(Data shown Opens)
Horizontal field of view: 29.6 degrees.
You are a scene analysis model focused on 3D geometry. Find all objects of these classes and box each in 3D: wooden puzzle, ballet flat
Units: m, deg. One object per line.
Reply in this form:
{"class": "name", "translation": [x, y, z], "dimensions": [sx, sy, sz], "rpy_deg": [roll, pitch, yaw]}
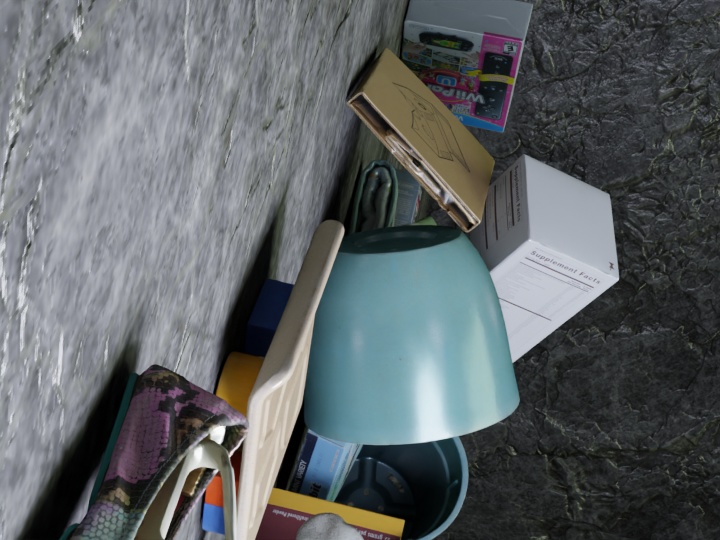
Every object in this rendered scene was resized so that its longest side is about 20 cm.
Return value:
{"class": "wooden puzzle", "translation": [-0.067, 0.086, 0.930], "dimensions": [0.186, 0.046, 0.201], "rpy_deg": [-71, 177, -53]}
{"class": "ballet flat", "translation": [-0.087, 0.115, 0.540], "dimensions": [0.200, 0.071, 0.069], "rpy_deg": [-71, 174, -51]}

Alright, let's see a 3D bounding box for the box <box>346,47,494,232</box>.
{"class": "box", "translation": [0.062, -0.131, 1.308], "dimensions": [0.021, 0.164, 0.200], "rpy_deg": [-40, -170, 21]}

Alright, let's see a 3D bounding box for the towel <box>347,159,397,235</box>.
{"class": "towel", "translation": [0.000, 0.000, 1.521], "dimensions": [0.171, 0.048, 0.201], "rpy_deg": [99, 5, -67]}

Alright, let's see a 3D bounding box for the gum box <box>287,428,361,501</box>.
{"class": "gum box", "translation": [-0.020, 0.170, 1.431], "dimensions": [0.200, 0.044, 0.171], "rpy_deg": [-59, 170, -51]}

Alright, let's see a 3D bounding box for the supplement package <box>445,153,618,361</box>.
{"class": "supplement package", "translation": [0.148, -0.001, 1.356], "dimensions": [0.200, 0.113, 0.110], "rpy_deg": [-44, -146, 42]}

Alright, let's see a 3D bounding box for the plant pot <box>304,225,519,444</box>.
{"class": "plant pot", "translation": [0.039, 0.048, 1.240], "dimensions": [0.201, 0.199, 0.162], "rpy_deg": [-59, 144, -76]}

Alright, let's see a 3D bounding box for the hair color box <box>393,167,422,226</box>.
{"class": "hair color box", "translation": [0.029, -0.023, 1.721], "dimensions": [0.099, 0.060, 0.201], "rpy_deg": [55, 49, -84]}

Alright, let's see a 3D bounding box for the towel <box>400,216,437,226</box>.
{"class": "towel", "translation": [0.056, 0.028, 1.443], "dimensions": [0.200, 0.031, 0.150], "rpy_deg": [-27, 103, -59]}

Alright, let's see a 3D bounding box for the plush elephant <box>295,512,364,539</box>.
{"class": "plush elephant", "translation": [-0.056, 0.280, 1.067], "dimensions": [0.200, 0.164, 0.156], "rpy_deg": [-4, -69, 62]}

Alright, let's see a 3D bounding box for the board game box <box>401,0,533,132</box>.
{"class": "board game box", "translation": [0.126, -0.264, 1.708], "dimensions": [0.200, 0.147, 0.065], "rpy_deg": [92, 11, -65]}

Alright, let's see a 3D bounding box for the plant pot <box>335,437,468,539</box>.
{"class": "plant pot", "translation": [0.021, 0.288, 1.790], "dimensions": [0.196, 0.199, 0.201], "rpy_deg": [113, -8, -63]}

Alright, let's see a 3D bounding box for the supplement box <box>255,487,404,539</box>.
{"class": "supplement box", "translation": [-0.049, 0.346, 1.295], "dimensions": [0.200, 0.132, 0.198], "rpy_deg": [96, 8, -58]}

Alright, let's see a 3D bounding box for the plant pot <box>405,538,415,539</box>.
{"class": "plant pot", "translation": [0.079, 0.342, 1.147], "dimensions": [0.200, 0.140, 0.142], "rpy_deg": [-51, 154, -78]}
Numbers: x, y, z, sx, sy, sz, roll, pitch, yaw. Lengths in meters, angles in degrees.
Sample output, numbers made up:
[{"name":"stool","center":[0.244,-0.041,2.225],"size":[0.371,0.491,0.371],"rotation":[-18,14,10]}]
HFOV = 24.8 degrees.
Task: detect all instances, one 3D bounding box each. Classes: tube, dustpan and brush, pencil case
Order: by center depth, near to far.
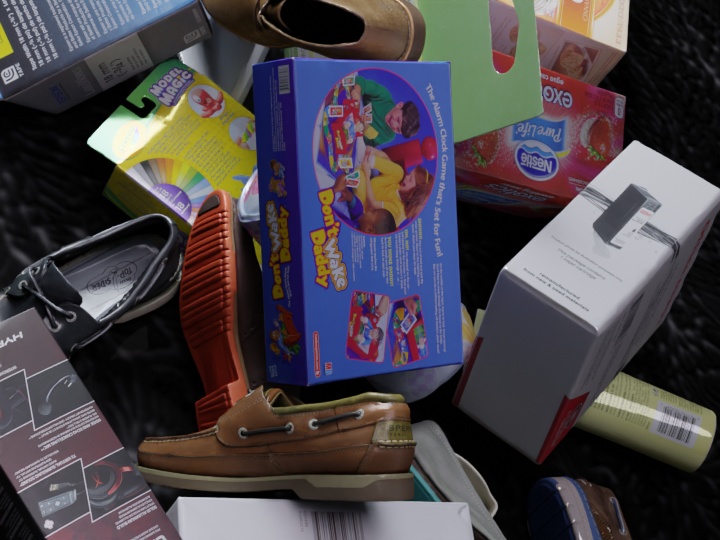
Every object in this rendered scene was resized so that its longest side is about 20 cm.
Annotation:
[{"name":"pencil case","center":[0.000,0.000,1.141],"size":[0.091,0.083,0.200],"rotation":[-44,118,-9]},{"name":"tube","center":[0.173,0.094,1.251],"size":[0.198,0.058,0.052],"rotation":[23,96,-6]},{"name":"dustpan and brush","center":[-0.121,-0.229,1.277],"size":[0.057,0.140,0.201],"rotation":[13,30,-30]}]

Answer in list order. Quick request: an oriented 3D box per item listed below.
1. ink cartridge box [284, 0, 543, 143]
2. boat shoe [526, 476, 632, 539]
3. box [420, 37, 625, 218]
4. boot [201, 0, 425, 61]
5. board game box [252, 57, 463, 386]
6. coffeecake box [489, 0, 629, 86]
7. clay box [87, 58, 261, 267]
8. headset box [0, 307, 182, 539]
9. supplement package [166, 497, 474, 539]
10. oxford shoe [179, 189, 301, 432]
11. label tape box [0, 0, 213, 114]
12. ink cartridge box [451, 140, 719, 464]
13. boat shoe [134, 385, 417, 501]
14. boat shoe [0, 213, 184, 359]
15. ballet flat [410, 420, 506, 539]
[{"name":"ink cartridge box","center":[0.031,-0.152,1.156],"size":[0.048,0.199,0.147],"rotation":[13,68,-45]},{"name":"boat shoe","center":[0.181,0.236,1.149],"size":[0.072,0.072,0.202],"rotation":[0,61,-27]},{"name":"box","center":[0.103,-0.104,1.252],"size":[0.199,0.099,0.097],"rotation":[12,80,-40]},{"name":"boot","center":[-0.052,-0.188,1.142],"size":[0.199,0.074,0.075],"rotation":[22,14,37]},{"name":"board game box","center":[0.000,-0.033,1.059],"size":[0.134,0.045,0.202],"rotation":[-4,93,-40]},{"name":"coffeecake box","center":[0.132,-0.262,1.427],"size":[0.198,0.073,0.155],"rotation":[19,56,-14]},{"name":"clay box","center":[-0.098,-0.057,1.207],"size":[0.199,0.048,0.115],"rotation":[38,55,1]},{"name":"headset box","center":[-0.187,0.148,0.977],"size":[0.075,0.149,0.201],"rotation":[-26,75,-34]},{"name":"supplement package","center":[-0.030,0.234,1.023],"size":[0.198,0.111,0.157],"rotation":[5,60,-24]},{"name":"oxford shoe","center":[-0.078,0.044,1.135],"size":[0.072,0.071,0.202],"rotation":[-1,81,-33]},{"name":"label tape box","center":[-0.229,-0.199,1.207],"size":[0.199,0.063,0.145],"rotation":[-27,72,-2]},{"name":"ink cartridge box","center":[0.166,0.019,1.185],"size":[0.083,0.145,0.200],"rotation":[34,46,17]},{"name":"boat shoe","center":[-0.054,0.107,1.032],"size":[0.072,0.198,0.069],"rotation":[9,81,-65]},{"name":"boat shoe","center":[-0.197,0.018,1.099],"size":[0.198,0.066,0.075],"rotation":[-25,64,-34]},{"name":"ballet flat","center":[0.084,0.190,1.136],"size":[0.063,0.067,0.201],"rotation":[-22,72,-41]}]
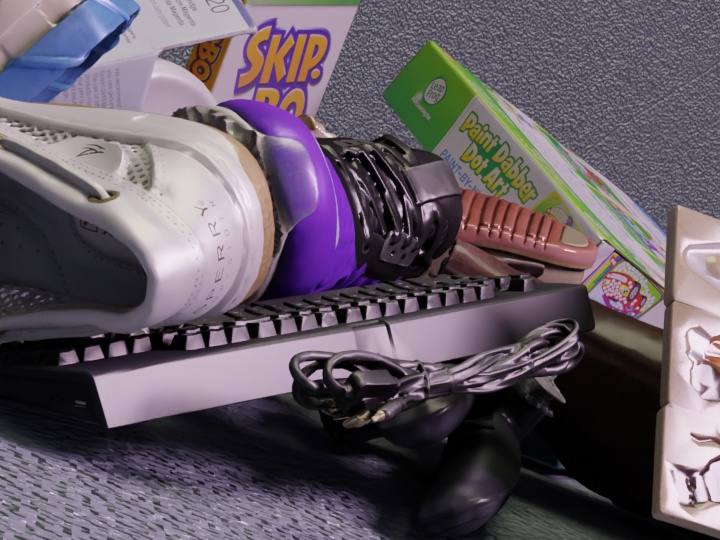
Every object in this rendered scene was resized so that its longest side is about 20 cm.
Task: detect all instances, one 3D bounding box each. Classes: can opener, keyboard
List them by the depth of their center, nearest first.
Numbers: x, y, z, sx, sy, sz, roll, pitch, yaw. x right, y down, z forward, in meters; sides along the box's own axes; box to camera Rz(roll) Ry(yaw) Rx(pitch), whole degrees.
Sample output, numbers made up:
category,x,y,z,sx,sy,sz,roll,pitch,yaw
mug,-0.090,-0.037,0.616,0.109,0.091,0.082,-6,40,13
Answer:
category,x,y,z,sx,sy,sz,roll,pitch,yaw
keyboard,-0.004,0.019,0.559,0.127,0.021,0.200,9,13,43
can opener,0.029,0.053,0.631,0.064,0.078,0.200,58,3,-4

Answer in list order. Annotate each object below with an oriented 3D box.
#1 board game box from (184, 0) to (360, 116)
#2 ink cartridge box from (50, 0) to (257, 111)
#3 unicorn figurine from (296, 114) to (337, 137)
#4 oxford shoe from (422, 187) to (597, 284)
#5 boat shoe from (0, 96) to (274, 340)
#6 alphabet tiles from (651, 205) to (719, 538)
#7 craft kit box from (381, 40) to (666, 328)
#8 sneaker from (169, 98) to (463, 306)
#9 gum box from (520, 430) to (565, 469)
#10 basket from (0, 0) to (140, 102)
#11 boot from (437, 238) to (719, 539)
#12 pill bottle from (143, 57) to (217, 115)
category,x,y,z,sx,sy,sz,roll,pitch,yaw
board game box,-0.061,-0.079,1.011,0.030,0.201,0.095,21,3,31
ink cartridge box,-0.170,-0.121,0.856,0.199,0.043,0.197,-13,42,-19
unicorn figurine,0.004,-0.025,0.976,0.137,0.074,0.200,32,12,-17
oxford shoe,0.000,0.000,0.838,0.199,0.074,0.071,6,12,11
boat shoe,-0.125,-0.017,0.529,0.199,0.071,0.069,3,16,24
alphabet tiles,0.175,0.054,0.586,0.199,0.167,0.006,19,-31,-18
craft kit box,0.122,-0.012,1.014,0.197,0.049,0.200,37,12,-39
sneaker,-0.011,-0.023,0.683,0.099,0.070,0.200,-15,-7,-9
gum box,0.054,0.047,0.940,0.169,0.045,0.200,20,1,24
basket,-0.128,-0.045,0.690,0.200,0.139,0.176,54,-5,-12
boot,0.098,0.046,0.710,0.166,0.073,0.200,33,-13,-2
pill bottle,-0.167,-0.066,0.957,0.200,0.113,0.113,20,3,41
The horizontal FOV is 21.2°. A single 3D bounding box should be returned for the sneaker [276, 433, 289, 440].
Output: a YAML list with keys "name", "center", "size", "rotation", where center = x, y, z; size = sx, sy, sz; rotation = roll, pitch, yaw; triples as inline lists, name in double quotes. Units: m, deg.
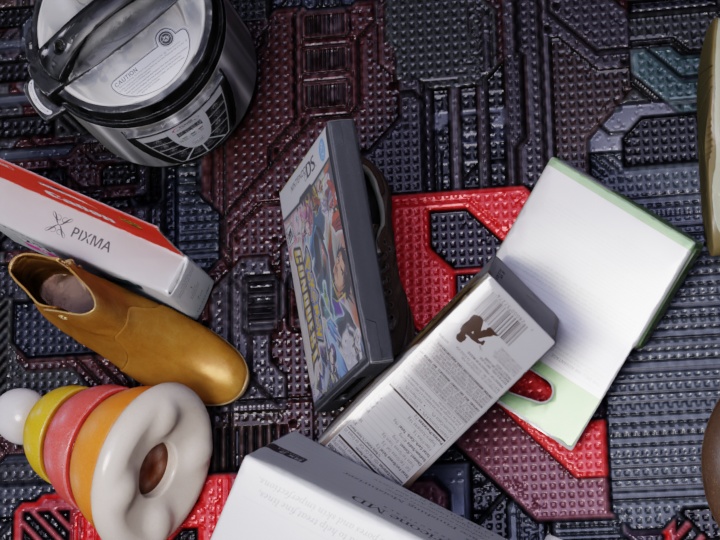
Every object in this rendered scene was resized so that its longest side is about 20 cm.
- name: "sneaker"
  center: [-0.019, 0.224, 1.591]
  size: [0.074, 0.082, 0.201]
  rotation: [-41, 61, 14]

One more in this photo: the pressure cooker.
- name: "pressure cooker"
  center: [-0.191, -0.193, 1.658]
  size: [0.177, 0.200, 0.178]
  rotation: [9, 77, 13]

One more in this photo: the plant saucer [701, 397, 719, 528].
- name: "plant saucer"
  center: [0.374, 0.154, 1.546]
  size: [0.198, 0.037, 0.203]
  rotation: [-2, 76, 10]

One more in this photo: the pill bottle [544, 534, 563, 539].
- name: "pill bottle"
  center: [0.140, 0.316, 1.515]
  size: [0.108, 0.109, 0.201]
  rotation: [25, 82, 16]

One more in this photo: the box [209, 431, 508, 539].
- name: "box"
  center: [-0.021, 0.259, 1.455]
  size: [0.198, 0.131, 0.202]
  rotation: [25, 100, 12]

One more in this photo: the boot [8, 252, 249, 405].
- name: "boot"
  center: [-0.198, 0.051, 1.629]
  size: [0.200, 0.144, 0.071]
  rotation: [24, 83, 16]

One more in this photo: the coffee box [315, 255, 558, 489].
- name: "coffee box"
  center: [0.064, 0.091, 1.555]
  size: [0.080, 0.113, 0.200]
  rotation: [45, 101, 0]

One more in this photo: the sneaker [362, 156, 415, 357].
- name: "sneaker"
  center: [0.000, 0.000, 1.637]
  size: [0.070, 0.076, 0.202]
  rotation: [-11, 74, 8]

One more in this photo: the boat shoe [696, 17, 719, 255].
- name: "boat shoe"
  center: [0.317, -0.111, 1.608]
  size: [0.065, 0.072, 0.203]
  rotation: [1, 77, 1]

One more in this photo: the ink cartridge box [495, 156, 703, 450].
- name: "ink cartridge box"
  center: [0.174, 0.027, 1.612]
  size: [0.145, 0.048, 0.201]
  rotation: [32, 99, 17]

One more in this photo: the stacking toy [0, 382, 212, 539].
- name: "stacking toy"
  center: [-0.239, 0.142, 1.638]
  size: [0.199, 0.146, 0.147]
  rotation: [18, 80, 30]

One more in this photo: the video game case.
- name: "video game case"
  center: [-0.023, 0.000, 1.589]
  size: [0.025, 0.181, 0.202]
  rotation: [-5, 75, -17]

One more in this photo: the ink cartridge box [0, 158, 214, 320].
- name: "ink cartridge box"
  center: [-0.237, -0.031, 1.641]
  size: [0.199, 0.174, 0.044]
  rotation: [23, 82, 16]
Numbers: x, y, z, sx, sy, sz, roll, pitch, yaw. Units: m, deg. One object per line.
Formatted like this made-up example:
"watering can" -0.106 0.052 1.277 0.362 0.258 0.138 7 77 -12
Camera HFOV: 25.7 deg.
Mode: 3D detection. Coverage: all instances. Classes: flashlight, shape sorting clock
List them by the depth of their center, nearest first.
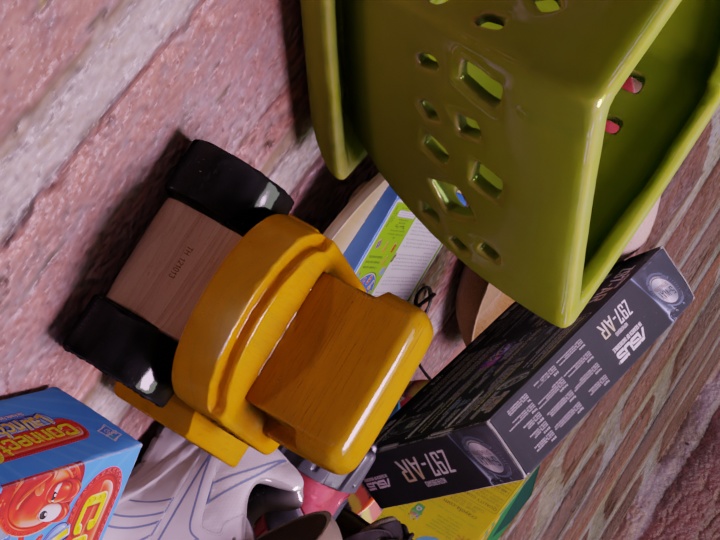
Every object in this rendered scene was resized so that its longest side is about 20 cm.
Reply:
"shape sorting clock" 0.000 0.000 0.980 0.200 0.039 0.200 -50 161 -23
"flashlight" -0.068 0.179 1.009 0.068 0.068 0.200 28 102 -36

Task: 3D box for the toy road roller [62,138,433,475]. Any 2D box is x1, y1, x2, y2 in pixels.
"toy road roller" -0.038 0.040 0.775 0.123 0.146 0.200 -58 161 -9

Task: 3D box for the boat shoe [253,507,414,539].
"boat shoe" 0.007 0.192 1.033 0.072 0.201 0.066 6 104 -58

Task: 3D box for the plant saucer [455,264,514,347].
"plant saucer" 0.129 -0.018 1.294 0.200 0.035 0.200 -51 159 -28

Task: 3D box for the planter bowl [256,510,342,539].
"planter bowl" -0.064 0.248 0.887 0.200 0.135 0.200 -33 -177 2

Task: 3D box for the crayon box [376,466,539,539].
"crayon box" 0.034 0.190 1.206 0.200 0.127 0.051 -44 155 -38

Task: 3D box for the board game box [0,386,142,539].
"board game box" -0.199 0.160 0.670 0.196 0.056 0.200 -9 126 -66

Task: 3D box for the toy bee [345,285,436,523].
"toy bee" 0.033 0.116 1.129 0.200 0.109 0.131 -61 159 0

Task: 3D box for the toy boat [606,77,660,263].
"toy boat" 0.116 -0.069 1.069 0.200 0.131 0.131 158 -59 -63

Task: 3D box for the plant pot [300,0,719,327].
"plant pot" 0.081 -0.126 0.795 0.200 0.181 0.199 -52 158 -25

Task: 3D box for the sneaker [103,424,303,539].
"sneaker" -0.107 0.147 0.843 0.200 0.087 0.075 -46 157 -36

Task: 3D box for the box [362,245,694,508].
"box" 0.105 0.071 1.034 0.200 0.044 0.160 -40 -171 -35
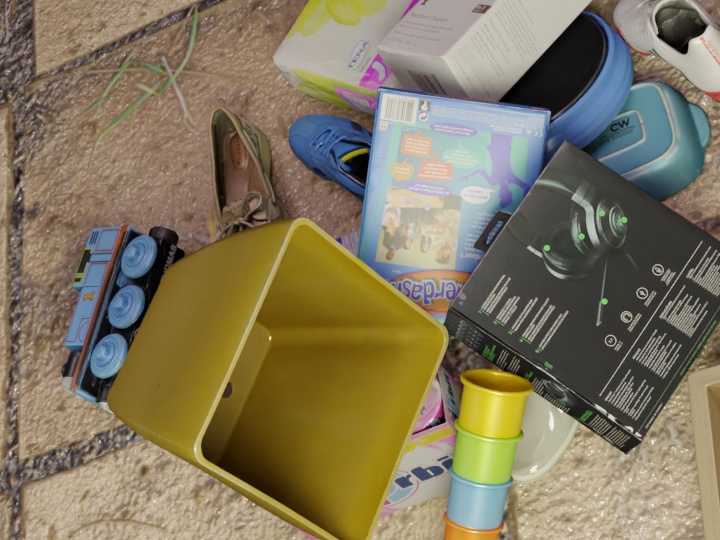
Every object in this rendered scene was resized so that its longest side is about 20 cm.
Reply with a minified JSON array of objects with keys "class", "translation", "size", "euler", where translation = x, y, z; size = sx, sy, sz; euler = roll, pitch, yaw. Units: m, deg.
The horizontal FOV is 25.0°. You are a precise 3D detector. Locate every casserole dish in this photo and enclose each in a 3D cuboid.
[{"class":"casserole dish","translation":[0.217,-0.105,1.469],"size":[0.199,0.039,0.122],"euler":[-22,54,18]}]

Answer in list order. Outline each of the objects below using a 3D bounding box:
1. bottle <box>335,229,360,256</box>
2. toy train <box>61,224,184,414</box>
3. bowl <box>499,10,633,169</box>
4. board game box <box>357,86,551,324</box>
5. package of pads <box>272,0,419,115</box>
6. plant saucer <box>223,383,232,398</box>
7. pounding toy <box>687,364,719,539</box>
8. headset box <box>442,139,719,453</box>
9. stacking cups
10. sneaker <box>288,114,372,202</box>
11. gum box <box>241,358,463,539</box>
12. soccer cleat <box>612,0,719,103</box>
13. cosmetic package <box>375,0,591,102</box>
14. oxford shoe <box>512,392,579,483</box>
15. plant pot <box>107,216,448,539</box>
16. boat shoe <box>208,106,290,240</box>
(Data shown Closes)
Task to complete
Copy only this part of the entries above: the line with "8. headset box [0, 307, 182, 539]", the line with "14. boat shoe [0, 213, 184, 359]", and the lines between, all exactly as written.

Task output
8. headset box [0, 307, 182, 539]
9. supplement package [166, 497, 474, 539]
10. oxford shoe [179, 189, 301, 432]
11. label tape box [0, 0, 213, 114]
12. ink cartridge box [451, 140, 719, 464]
13. boat shoe [134, 385, 417, 501]
14. boat shoe [0, 213, 184, 359]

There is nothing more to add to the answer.